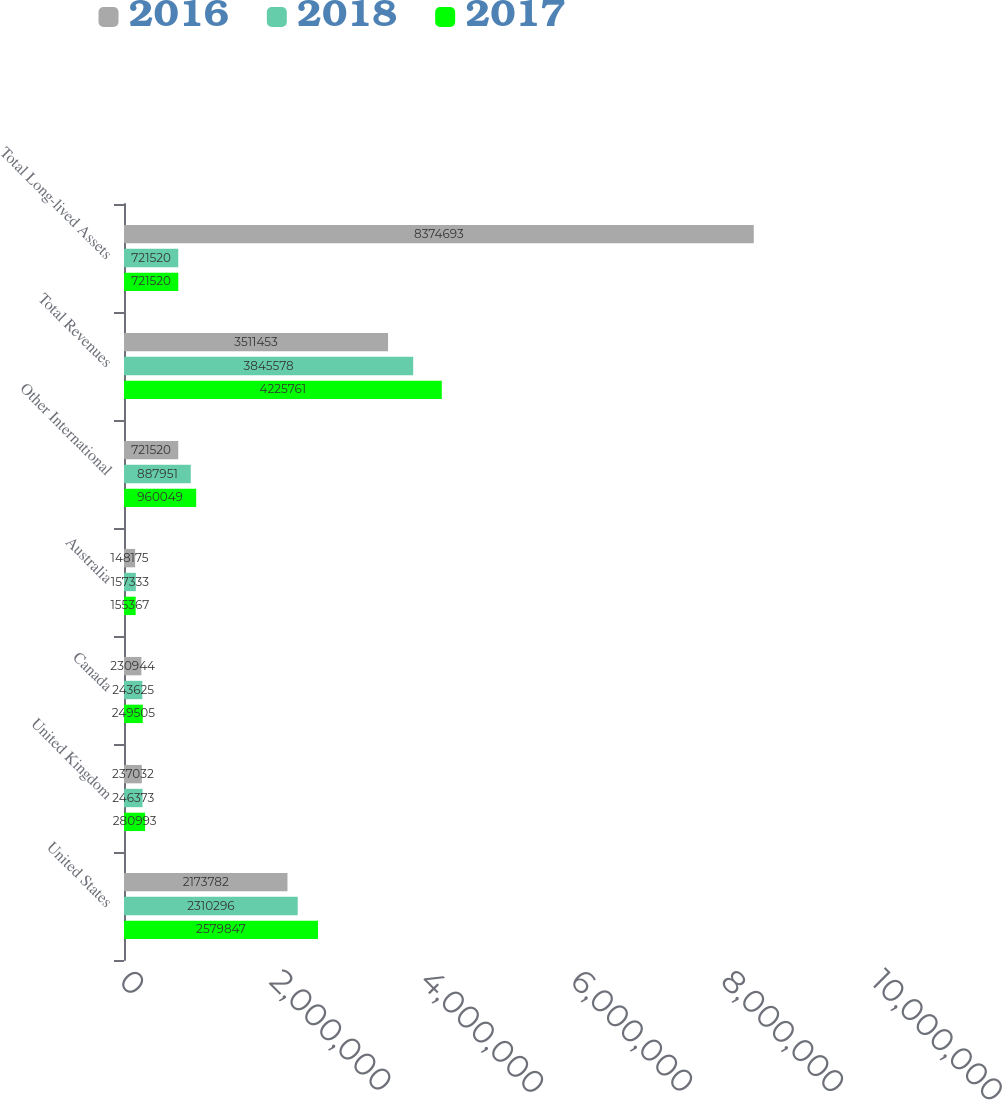<chart> <loc_0><loc_0><loc_500><loc_500><stacked_bar_chart><ecel><fcel>United States<fcel>United Kingdom<fcel>Canada<fcel>Australia<fcel>Other International<fcel>Total Revenues<fcel>Total Long-lived Assets<nl><fcel>2016<fcel>2.17378e+06<fcel>237032<fcel>230944<fcel>148175<fcel>721520<fcel>3.51145e+06<fcel>8.37469e+06<nl><fcel>2018<fcel>2.3103e+06<fcel>246373<fcel>243625<fcel>157333<fcel>887951<fcel>3.84558e+06<fcel>721520<nl><fcel>2017<fcel>2.57985e+06<fcel>280993<fcel>249505<fcel>155367<fcel>960049<fcel>4.22576e+06<fcel>721520<nl></chart> 
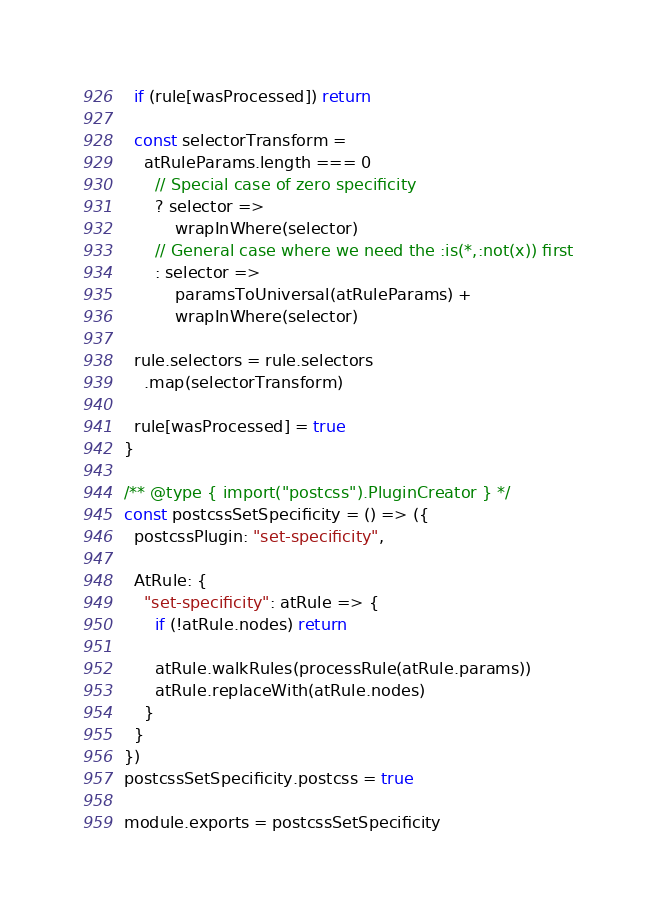Convert code to text. <code><loc_0><loc_0><loc_500><loc_500><_JavaScript_>  if (rule[wasProcessed]) return

  const selectorTransform =
    atRuleParams.length === 0
      // Special case of zero specificity
      ? selector =>
          wrapInWhere(selector)
      // General case where we need the :is(*,:not(x)) first
      : selector =>
          paramsToUniversal(atRuleParams) +
          wrapInWhere(selector)

  rule.selectors = rule.selectors
    .map(selectorTransform)

  rule[wasProcessed] = true
}

/** @type { import("postcss").PluginCreator } */
const postcssSetSpecificity = () => ({
  postcssPlugin: "set-specificity",

  AtRule: {
    "set-specificity": atRule => {
      if (!atRule.nodes) return

      atRule.walkRules(processRule(atRule.params))
      atRule.replaceWith(atRule.nodes)
    }
  }
})
postcssSetSpecificity.postcss = true

module.exports = postcssSetSpecificity
</code> 
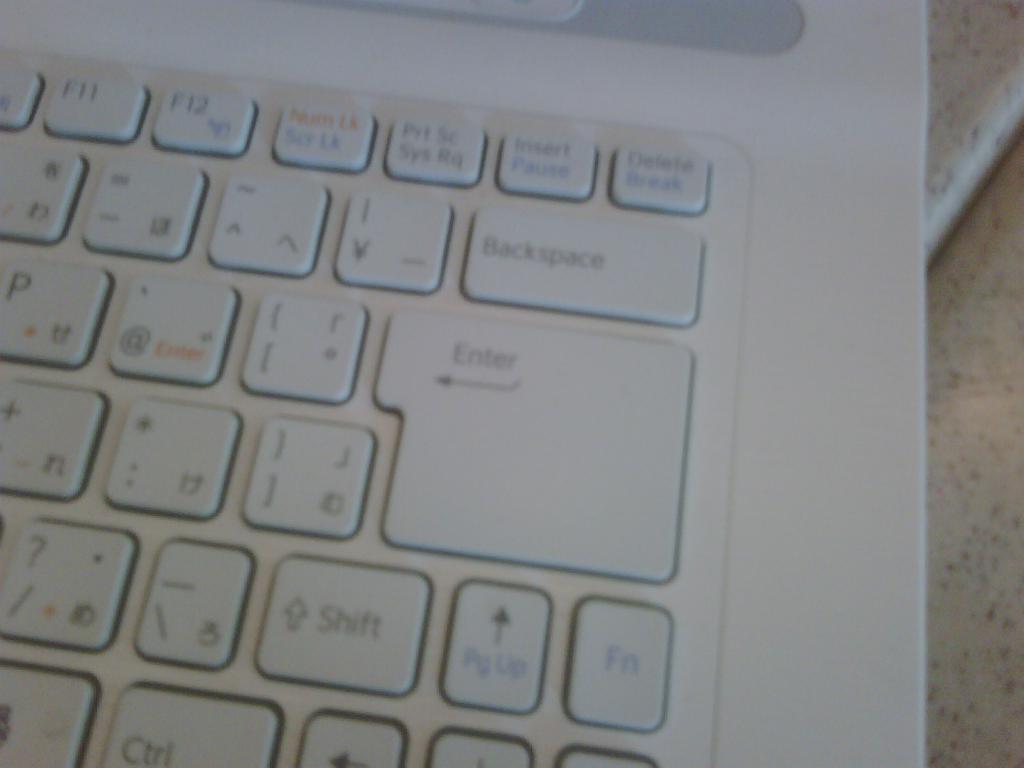What is the big button?
Provide a succinct answer. Enter. What is the key above the enter key?
Your answer should be very brief. Backspace. 
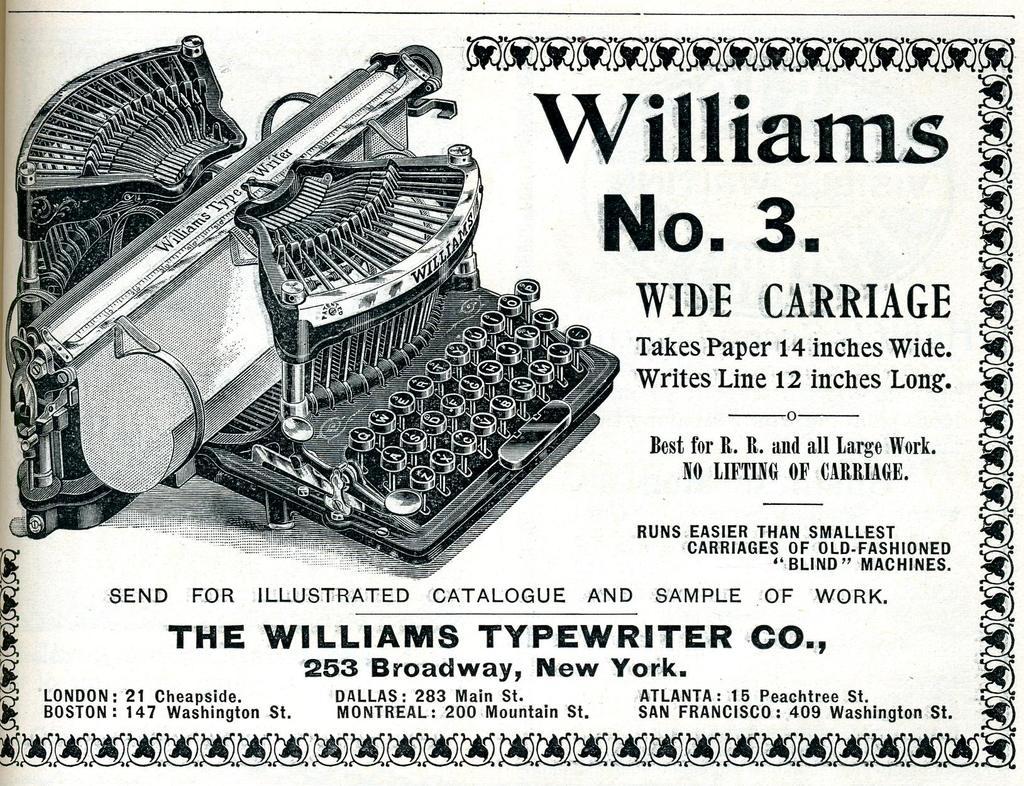What city is the typewriter company in?
Keep it short and to the point. New york. What company is this advertising?
Your response must be concise. Williams.

..............................

* [The problem]:
The required output is the exact run of lines from the start of the records through the line containing "atRule.walkRules(processRule(atRule.params))", both ends included, with no pictures.

* [Your solution]:
<chart> <loc_0><loc_0><loc_500><loc_500><stacked_bar_chart><ecel><fcel>United States<fcel>United Kingdom<fcel>Canada<fcel>Australia<fcel>Other International<fcel>Total Revenues<fcel>Total Long-lived Assets<nl><fcel>2016<fcel>2.17378e+06<fcel>237032<fcel>230944<fcel>148175<fcel>721520<fcel>3.51145e+06<fcel>8.37469e+06<nl><fcel>2018<fcel>2.3103e+06<fcel>246373<fcel>243625<fcel>157333<fcel>887951<fcel>3.84558e+06<fcel>721520<nl><fcel>2017<fcel>2.57985e+06<fcel>280993<fcel>249505<fcel>155367<fcel>960049<fcel>4.22576e+06<fcel>721520<nl></chart> 
Convert code to text. <code><loc_0><loc_0><loc_500><loc_500><_JavaScript_>  if (rule[wasProcessed]) return

  const selectorTransform =
    atRuleParams.length === 0
      // Special case of zero specificity
      ? selector =>
          wrapInWhere(selector)
      // General case where we need the :is(*,:not(x)) first
      : selector =>
          paramsToUniversal(atRuleParams) +
          wrapInWhere(selector)

  rule.selectors = rule.selectors
    .map(selectorTransform)

  rule[wasProcessed] = true
}

/** @type { import("postcss").PluginCreator } */
const postcssSetSpecificity = () => ({
  postcssPlugin: "set-specificity",

  AtRule: {
    "set-specificity": atRule => {
      if (!atRule.nodes) return

      atRule.walkRules(processRule(atRule.params))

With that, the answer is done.